*Task details*: Once the images are set aside, return every entry exactly.

*Supplied data*:
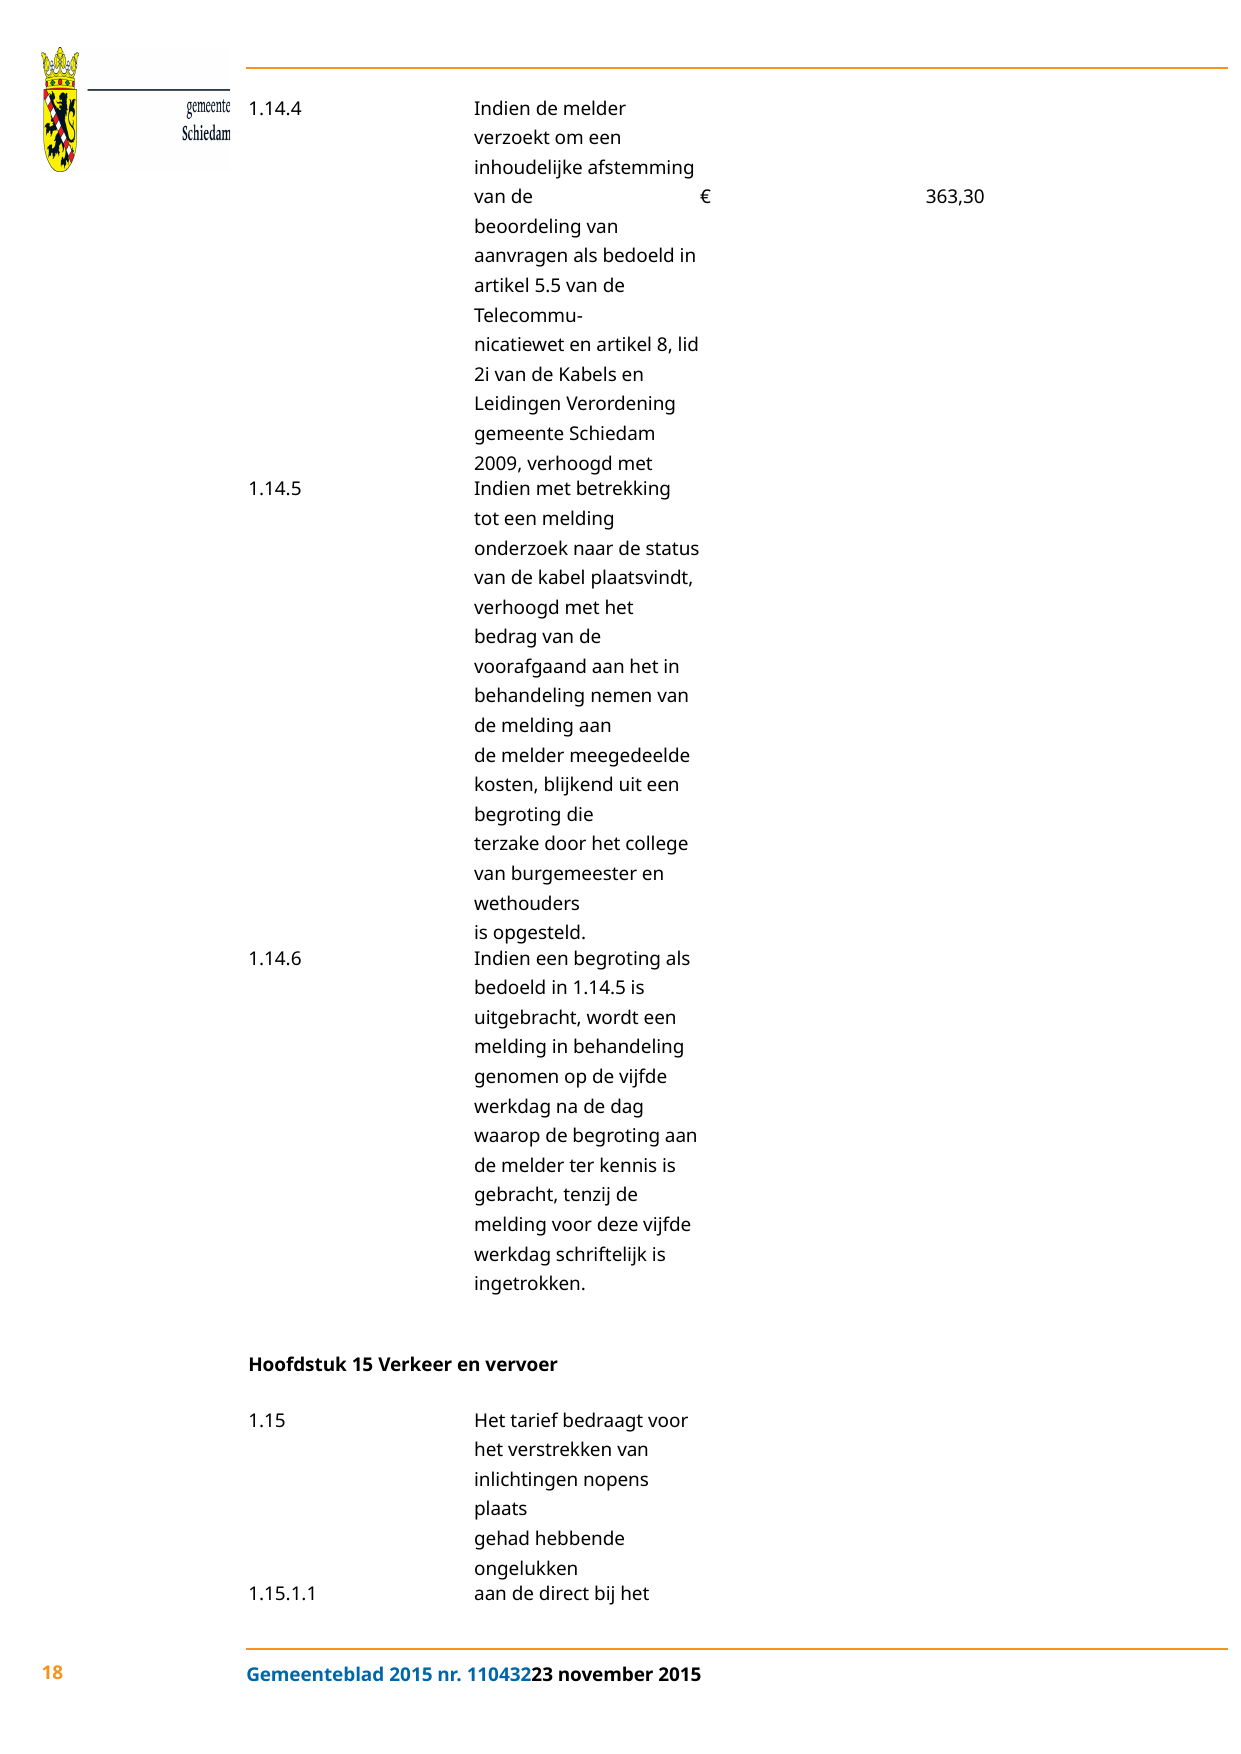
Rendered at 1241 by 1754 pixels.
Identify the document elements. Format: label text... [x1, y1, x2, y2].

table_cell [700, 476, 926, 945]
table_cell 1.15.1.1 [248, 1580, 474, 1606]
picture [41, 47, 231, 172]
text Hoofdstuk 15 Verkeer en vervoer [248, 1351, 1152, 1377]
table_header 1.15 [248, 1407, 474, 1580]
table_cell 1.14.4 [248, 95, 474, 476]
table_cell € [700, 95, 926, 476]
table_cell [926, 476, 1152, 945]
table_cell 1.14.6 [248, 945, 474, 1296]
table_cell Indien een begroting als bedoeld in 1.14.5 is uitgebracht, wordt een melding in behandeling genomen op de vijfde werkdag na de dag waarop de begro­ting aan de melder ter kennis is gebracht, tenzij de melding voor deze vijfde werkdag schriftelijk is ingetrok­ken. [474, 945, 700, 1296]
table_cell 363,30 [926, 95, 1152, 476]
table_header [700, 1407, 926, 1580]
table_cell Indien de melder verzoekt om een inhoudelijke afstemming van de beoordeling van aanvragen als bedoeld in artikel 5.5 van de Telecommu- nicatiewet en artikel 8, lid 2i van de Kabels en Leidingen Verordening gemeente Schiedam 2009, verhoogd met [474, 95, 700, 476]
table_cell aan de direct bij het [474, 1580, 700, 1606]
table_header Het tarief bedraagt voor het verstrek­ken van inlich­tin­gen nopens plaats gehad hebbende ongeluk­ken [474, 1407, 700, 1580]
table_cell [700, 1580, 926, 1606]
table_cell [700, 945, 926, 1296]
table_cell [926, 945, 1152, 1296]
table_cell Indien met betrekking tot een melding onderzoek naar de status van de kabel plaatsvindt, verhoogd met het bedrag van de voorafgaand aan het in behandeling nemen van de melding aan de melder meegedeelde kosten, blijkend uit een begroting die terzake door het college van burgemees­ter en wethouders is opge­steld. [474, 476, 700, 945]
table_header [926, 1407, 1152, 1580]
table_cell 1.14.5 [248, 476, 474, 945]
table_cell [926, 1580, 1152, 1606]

*Response area*:
Rendered at 1241 by 1754 pixels.
Identify the document elements. Format: label text... [x1, y1, x2, y2].

table_cell [700, 476, 926, 945]
table_cell 1.15.1.1 [248, 1580, 474, 1606]
picture [41, 47, 231, 172]
text Hoofdstuk 15 Verkeer en vervoer [248, 1351, 1152, 1377]
table_header 1.15 [248, 1407, 474, 1580]
table_cell 1.14.4 [248, 95, 474, 476]
table_cell € [700, 95, 926, 476]
table_cell [926, 476, 1152, 945]
table_cell 1.14.6 [248, 945, 474, 1296]
table_cell Indien een begroting als bedoeld in 1.14.5 is uitgebracht, wordt een melding in behandeling genomen op de vijfde werkdag na de dag waarop de begro­ting aan de melder ter kennis is gebracht, tenzij de melding voor deze vijfde werkdag schriftelijk is ingetrok­ken. [474, 945, 700, 1296]
table_cell 363,30 [926, 95, 1152, 476]
table_header [700, 1407, 926, 1580]
table_cell Indien de melder verzoekt om een inhoudelijke afstemming van de beoordeling van aanvragen als bedoeld in artikel 5.5 van de Telecommu- nicatiewet en artikel 8, lid 2i van de Kabels en Leidingen Verordening gemeente Schiedam 2009, verhoogd met [474, 95, 700, 476]
table_cell aan de direct bij het [474, 1580, 700, 1606]
table_header Het tarief bedraagt voor het verstrek­ken van inlich­tin­gen nopens plaats gehad hebbende ongeluk­ken [474, 1407, 700, 1580]
table_cell [700, 1580, 926, 1606]
table_cell [700, 945, 926, 1296]
table_cell [926, 945, 1152, 1296]
table_cell Indien met betrekking tot een melding onderzoek naar de status van de kabel plaatsvindt, verhoogd met het bedrag van de voorafgaand aan het in behandeling nemen van de melding aan de melder meegedeelde kosten, blijkend uit een begroting die terzake door het college van burgemees­ter en wethouders is opge­steld. [474, 476, 700, 945]
table_header [926, 1407, 1152, 1580]
table_cell 1.14.5 [248, 476, 474, 945]
table_cell [926, 1580, 1152, 1606]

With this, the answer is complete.